(Provided records Opens)
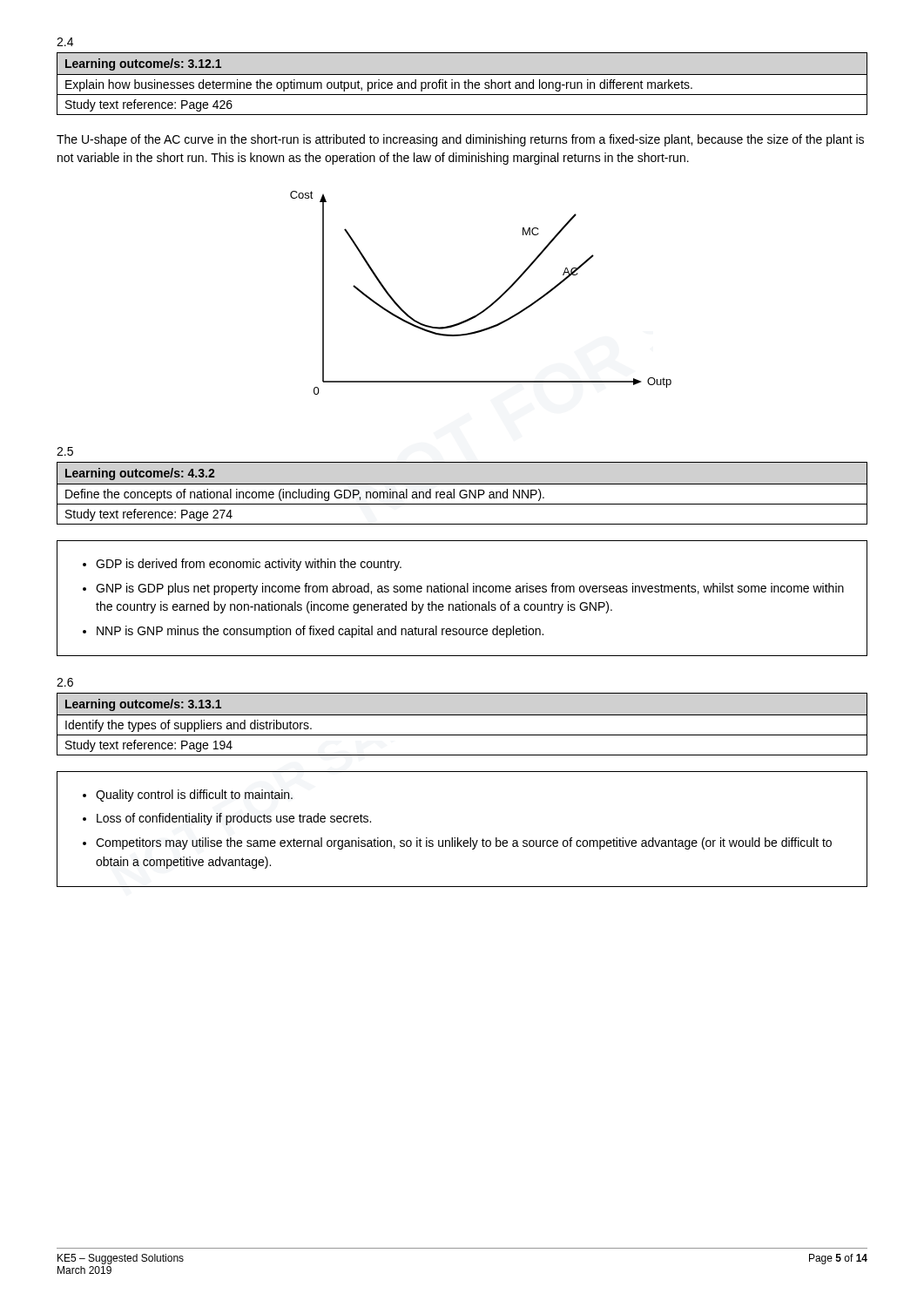Where is the passage that starts "The U-shape of the"?
This screenshot has width=924, height=1307.
461,149
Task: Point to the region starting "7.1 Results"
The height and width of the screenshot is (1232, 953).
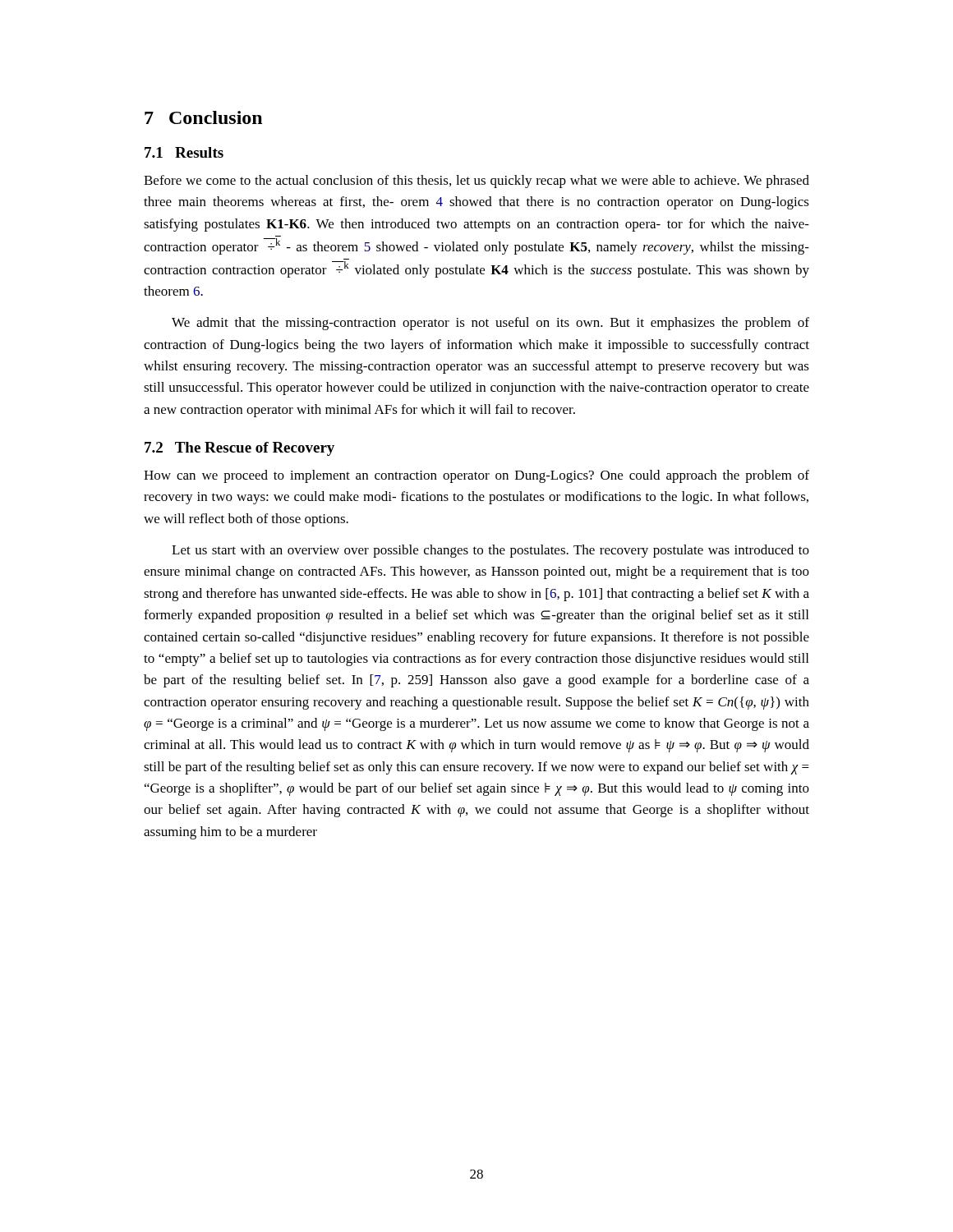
(Provided records Closes)
Exercise instructions
Print the lines from the one that contains "Task: Point to" through the last line of the data, exactly and in full, and no other lines. Pictures are not part of the copy.

Problem solution
Task: Point to the region starting "7.1 Results"
The height and width of the screenshot is (1232, 953).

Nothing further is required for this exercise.